Moats arraigns multiple defendants virtually, addresses bond issues


TAYLOR COUNTY—While the COVID pandemic carries on, many hearings are being held virtually. In addition to arraignments held in the Taylor County Circuit Courtroom recently, the Honorable Judge Alan D. Moats presided over numerous cases held via TEAMS.

A total of five cases were heard for defendants currently incarcerated in the Tygart Valley Regional Jail (TVRJ), two more for individuals housed in the North Central Regional Jail (NCRJ) and a final hearing was held remotely for an inmate in the Northern Regional Jail (NRJ).

Among the cases from the TVRJ was that of 49-year-old Clinton Keith Beavers, who was recently indicted by the grand jury for attempted grand larceny.
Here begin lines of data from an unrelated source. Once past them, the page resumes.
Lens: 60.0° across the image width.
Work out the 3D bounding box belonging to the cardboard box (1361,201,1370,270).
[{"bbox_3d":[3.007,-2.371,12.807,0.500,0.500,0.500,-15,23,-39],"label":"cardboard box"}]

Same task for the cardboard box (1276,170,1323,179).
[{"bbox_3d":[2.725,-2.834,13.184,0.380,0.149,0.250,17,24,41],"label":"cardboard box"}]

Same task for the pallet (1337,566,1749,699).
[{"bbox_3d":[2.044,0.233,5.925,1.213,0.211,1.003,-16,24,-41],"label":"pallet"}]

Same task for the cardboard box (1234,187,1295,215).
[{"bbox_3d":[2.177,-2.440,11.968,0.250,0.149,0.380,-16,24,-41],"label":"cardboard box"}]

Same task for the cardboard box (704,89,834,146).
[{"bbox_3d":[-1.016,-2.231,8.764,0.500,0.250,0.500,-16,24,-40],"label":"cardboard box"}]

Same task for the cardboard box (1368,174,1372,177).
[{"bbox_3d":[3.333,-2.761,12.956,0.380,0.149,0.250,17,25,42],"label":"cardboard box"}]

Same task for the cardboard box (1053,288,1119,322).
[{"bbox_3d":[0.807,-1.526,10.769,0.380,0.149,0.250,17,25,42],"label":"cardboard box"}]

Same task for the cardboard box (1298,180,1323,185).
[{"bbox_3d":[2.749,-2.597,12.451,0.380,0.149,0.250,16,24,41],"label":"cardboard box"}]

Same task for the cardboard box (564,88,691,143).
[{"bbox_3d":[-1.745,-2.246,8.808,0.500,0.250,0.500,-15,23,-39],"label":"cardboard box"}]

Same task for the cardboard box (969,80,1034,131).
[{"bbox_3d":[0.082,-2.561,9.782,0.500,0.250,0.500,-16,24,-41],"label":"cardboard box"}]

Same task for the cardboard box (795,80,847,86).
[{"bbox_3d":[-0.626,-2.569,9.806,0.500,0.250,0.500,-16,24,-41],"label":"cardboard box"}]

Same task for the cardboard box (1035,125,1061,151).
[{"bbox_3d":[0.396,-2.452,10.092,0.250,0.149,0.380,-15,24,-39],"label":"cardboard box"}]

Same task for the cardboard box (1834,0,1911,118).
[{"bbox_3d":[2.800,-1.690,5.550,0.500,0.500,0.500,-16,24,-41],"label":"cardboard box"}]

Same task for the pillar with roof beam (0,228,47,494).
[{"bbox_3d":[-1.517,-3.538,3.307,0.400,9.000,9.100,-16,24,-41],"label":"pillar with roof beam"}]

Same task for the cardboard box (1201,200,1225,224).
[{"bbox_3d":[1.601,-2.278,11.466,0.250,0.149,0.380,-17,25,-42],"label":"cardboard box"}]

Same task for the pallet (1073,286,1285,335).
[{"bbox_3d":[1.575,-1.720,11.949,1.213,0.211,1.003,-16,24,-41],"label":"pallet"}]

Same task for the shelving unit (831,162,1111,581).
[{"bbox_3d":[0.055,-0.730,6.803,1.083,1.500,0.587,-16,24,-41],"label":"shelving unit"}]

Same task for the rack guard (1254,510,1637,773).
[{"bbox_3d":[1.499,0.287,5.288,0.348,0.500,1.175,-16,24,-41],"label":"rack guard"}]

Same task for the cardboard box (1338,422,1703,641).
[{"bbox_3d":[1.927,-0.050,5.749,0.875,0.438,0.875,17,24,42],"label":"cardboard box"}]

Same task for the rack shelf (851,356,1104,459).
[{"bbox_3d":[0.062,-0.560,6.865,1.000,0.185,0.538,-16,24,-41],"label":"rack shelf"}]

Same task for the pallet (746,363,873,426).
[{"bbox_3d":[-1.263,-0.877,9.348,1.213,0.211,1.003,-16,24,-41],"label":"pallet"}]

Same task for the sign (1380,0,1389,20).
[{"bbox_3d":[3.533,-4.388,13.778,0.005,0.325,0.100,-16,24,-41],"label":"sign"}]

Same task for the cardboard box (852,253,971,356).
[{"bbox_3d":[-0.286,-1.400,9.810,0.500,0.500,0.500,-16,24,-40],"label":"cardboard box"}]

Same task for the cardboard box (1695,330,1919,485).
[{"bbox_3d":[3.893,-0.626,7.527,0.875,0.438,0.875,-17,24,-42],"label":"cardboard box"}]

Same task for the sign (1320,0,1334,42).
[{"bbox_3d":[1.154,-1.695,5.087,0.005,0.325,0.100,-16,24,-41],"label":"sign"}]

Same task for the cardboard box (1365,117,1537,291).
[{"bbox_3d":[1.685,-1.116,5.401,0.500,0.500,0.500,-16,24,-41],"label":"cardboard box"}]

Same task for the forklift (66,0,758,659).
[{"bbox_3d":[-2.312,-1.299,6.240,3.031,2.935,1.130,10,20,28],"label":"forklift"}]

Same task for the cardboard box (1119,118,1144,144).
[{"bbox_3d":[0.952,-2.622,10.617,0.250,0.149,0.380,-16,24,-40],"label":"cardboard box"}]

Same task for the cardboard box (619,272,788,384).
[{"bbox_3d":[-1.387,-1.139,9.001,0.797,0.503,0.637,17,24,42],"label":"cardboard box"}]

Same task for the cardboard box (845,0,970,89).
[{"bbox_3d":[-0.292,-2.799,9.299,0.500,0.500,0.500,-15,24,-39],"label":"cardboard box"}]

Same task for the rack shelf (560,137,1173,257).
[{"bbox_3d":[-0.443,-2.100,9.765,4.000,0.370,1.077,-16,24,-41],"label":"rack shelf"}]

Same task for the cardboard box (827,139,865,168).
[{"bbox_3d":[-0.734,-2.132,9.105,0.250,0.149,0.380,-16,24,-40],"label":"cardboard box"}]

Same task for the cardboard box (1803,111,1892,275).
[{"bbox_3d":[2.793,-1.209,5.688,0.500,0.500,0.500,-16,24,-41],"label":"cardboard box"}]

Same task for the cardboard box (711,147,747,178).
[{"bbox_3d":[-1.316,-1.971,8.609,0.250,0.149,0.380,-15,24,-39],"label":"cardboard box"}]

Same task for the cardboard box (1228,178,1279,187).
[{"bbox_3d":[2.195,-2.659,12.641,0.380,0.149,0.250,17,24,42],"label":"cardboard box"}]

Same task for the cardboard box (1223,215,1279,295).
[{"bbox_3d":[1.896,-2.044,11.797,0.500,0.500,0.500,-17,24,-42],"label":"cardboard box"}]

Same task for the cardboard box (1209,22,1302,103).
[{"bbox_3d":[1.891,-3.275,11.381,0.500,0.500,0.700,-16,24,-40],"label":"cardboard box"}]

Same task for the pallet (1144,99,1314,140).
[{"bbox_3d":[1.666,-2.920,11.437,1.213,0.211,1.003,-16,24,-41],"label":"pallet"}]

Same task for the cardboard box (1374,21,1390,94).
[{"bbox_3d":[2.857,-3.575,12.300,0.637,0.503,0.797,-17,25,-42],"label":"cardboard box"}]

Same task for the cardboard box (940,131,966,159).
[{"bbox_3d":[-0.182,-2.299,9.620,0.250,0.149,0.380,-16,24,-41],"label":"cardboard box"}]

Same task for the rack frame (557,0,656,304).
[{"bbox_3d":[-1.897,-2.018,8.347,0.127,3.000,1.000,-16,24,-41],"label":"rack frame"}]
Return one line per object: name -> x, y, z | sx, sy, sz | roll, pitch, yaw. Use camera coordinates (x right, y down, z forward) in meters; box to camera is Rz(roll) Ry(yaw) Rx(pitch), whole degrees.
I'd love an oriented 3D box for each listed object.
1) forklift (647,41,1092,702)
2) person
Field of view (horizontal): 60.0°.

When it came time to address bond, Defense Attorney Greg Michaels reveled that a $10,000 bond had been set, but that his client was unable to post it.

“At the time of the crime, Mr. Beavers was under the influence. If the court sees fit to reduce his bond to a personal recognizance (PR) bond, the state would ask that he be placed on bond supervision through the Taylor County Community Corrections Program,” voiced Taylor County Prosecutor John Bord.

Beavers admitted to the court that prior to his incarceration, he had been using Suboxone, smoking marijuana and drinking alcohol.

“I don’t have an issue letting you out, but this certainly cannot keep happening,” Moats declared. “I will release you to Community Corrections for supervision, but all of this has to stop. I can’t allow you to endanger the community or yourself.”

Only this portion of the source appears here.